川口市立(南埼玉)が、7-4で埼玉栄に勝利した。先発したサイドスロー星山祥輝投手(3年)が9回9安打4失点(自責2)と粘りの力投。今秋ドラフト候補の米倉貫太投手(3年)を擁する埼玉栄に競り勝った。OBの巨人斎藤雅樹投手総合コーチ(53)の動画を見て、投げ方を研究した成果が出た。校名も統合で、今春から川口市立に変わり、新たな歴史の1ページを刻んだ。
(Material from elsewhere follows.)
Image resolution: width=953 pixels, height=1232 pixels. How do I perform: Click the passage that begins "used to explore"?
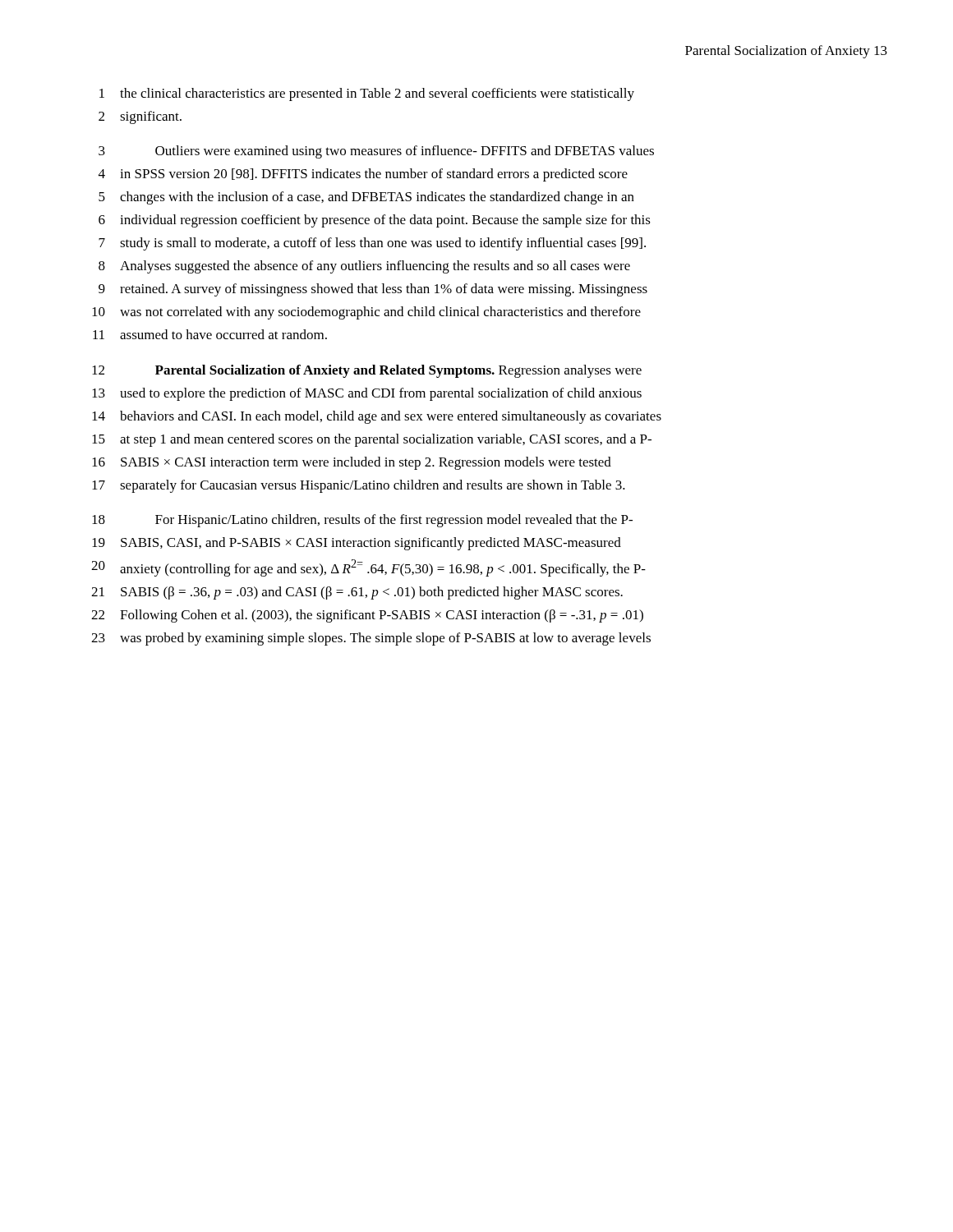[x=381, y=393]

 星山はグラブをたたいて喜びを表した。9回裏1死一塁、右打者の懐に直球を投げ込んだ。サイドスローからの投球。切れ味鋭くシュートする球で詰まらせた。狙い通りの併殺打だった。「たくさんの地域の方が応援してくださり、100%の投球ができた。素直にうれしいです」と笑った。

 それまでのオーバースローから「昨年の10月に長井監督と鈴木部長に相談して横投げに変えた。それからは大先輩の映像を見て参考にしています」という。大先輩とは元巨人のエースで市川口OBの斎藤雅樹氏だ。繰り返し映像を見て研究。腕が遅れて出てくる投球術を身に付けた。
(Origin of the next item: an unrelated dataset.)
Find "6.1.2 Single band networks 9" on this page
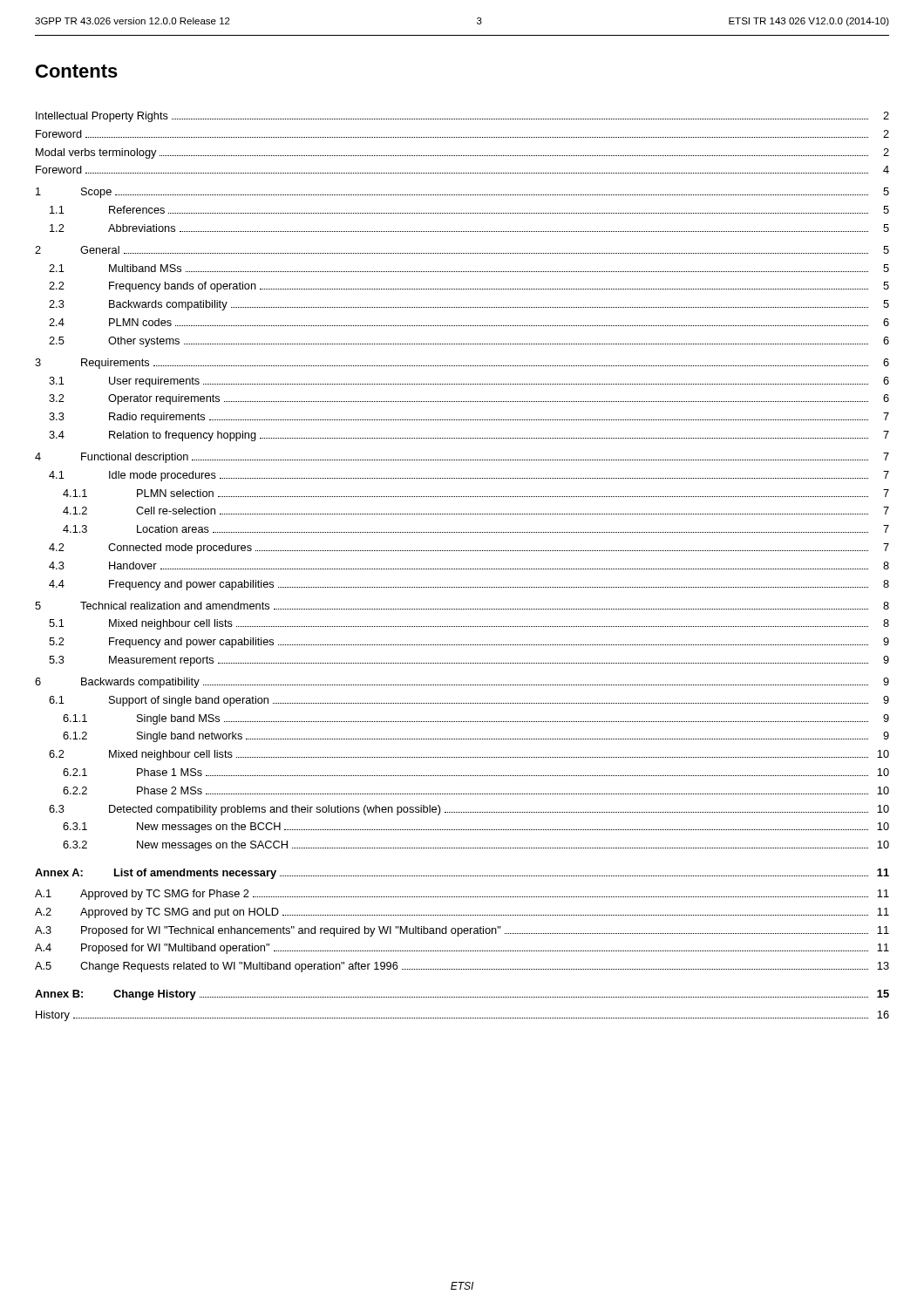This screenshot has height=1308, width=924. click(x=462, y=736)

 この日の最高気温は35度を超える猛暑。星山の母美絵さんは試合中に熱中症で倒れてしまった。星山も「連投の疲れか初回からばてていた」と話すが、表情や態度には見せなかった。「小さい頃は愛知県の自然の中で育ち、朝から日没まで走り回った。体力には自信があるんです」。冬場には2、3日置きに200球の投げ込みを行うなど夏に備えた。その結果、春季大会から勝ち試合は全て完投。底なしの体力がついた。

 同校は今春、市川口など3校が統合し、校名を川口市立に改めた。それでも伝統の縦じまのユニホームは変わらない。「合併しても市立川口の伝統は変わらない。特に意識はしていないが、僕らが1期生になるので、さらに強い川口市立の伝統を作っていけたら」という。斎藤雅樹氏の代は県準優勝。「憧れの先輩を超えたい。甲子園を目指して頑張ります」。星山は終始笑顔だった。【久永壮真】

 ◆星山祥輝(ほしやま・しょうき)2000年(平12)8月15日生まれ、愛知県岡崎市出身。小学2年から岡崎南クラブで野球を始め、小学4年で親の転勤で埼玉県に転居。花栗コンドルズに所属。中学では安行中学軟式野球部に所属した。直球は120キロ中盤。その他の持ち球はカットボール、スライダー、スプリット。家族は両親と2人の姉。183センチ、72キロ。右投げ右打ち。